Le ministre des Armées, Sébastien Lecornu, a abordé la question du réarmement de la France et des besoins croissants pour maintenir et renforcer les capacités militaires du pays. Dans une interview accordée à La Tribune Dimanche, il a insisté sur la nécessité de doubler le budget de la défense pour répondre aux nouveaux défis géopolitiques et technologiques.
Sébastien Lecornu a exprimé que le budget actuel de 50,5 milliards d’euros pour 2025, bien qu’important, ne serait pas suffisant face aux exigences de défense moderne. « Nous sommes déjà capables de faire beaucoup de choses avec les 50,5 milliards d’euros (de budget annuel de 2025) mais ce n’est pas suffisant », a-t-il souligné, ajoutant que la priorité réside désormais dans « le rythme, la vitesse de notre réarmement ». Le ministre a expliqué que l’objectif serait de rendre les armées françaises capables de répondre à un engagement européen majeur pour protéger le continent tout en assurant des efforts de défense et de dissuasion.
Un budget ambitieux pour le réarmement et des priorités stratégiques
Lecornu a estimé qu’un budget annuel de 100 milliards d’euros serait l’objectif idéal pour garantir une capacité militaire de qualité sur le long terme. « Si l’on veut reconquérir nos capacités de manœuvre dans la durée tout en répondant souverainement aux enjeux posés par les nouvelles technologies, il est clair qu’un horizon autour de 100 milliards d’euros par an constituerait le poids de forme idéal pour les armées françaises », a-t-il affirmé.
Bien que l’objectif d’atteindre 5 % du PIB pour les dépenses militaires, soit environ 140-150 milliards d’euros, reste souhaité, Lecornu estime que ce chiffre ne serait pas raisonnable. « L’objectif souvent cité dans les médias d’atteindre les 5% de PIB nous amènerait à 140-150 milliards d’euros de budget annuel. J’adorerais que ce seuil soit atteint, mais ce ne serait pas raisonnable », a déclaré le ministre. Le budget de la défense doit selon lui atteindre 68 milliards d’euros en 2030, mais l’atteinte de 100 milliards d’euros par an offrirait une meilleure résilience face aux défis à venir.
Les priorités pour cet investissement supplémentaire incluent la guerre électronique, l’intelligence artificielle, la robotisation et la dronisation des armées. Le ministre a également mentionné l’importance des munitions et des systèmes spatiaux pour renforcer la puissance de défense de la France face à de nouveaux types de menaces.
Le ministre Lecornu a rassuré sur le fait que ces investissements ne seraient pas incompatibles avec la préservation des modèles sociaux du pays.
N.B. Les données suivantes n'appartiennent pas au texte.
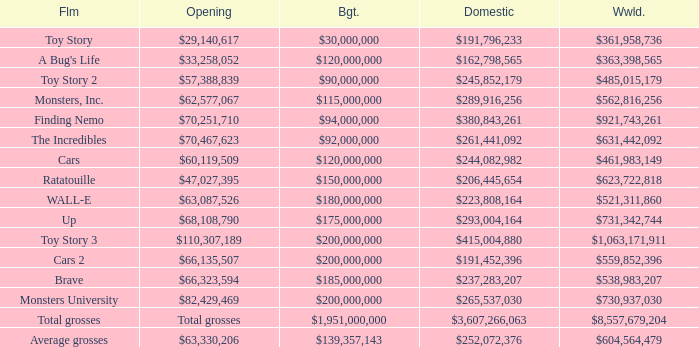WHAT IS THE BUDGET FOR THE INCREDIBLES? $92,000,000.

Il a souligné que la dépense militaire contribue activement à l’économie, en générant plus de 200 000 emplois directs ou indirects. « La dépense militaire rapporte beaucoup en France », a-t-il précisé.
Les discussions sur le financement de la défense et la souveraineté nationale seront au cœur des débats parlementaires, avec un projet de loi attendu en avril sur les dépenses publiques. Ces initiatives s’inscrivent dans un contexte européen où l’on observe un renforcement des capacités de défense collective, avec un « plan de 800 milliards d’euros pour la défense européenne » récemment annoncé par Ursula von der Leyen.